Mięso roślinne dobre dla ludzi, lepsze dla planety
Dynamiczny rozwój technologii produkcji mięsa na bazie roślin, jako pełnowartościowego substytutu mięsa zwierzęcego, niesie duży ładunek globalnych przemian i znaczy dla nas więcej niż się wydaje. Roślinne zamienniki produktów odzwierzęcych cieszą nie tylko wegan i wegetarian, niebawem być może wszyscy poczujemy ich pozytywne oddziaływanie.
Fleksitarianie do dzieła!
Zamiast polegać na zwierzętach, które przetwarzają rośliny w mięso, mądrzej, prościej i wydajniej uzyskiwać mięso z pominięciem zwierząt, zamieniając składniki pochodzenia roślinnego bezpośrednio w mięso. Mięso roślinne, podobnie jak zwierzęce, składa się z białka, tłuszczu, witamin, minerałów i wody, a dzięki biotechnologii wygląda i smakuje jak prawdziwe. Najważniejsze jest jednak to, że mięso pochodzenia roślinnego jest dużo lepsze dla planety, ludzi i oczywiście samych zwierząt.

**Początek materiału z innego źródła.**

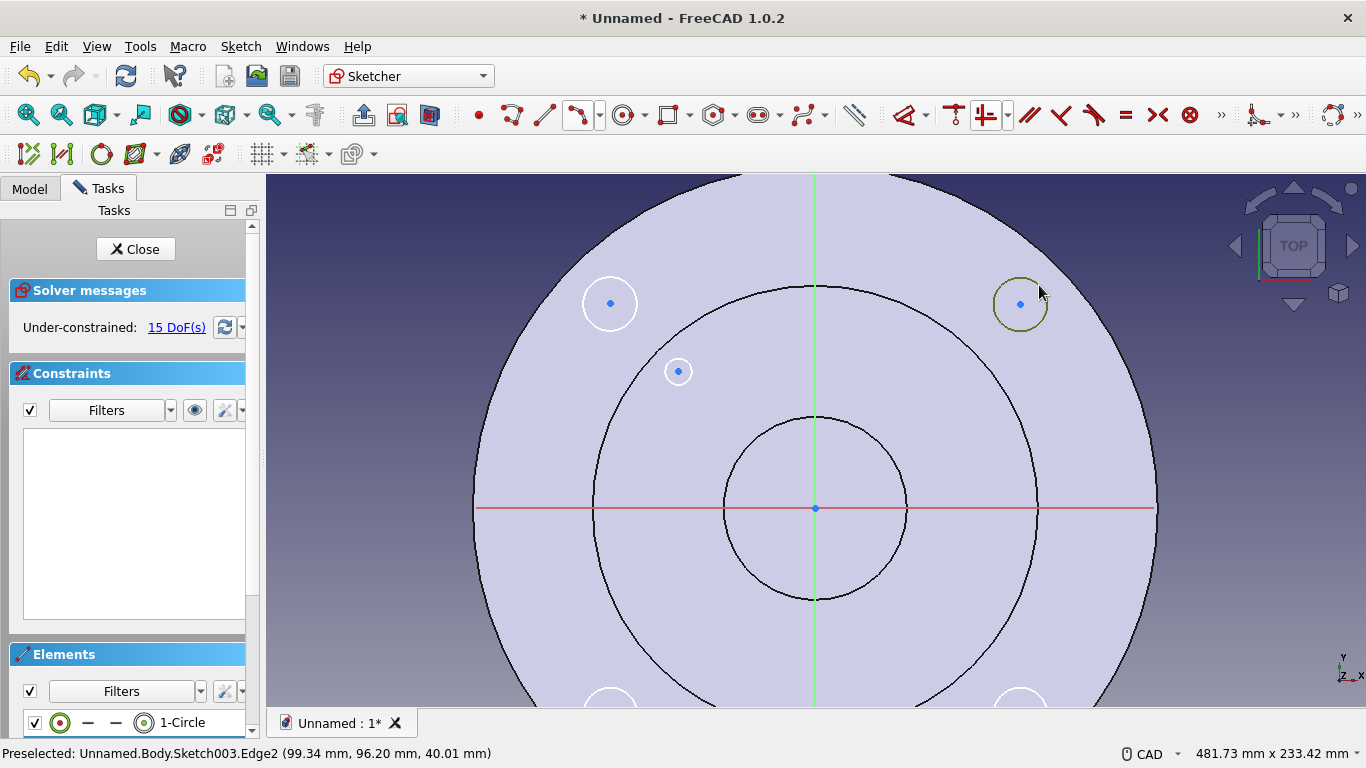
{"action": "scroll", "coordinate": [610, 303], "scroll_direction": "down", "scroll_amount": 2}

Analizy wpływu mięsa roślinnego na środowisko pokazują, że jego produkcja zużywa o 72-99% procent mniej wody i zajmuje o 47-99% mniej ziemi. Ponadto powoduje o 51-91% mniejsze zanieczyszczenie wody i co ważne, emituje o 30-90% mniej gazów cieplarnianych. Przechodząc na mięso pochodzenia roślinnego i białka alternatywne, potrzebujemy znacznie mniej zasobów naturalnych, umożliwiając całym ekosystemom regenerację, normalne funkcjonowanie i rozwój. Wszystko co dobre dla planety jest dobre dla nas, choć wciąż nasze wybory kulinarne, powodowane paskudnymi nawykami sprawiają, że mięso roślinne to zaledwie 1% rynku mięsa. Jak widać wciąż jesteśmy na początku drogi do przemian w skali globalnej. Można powiedzieć nasza sprawa.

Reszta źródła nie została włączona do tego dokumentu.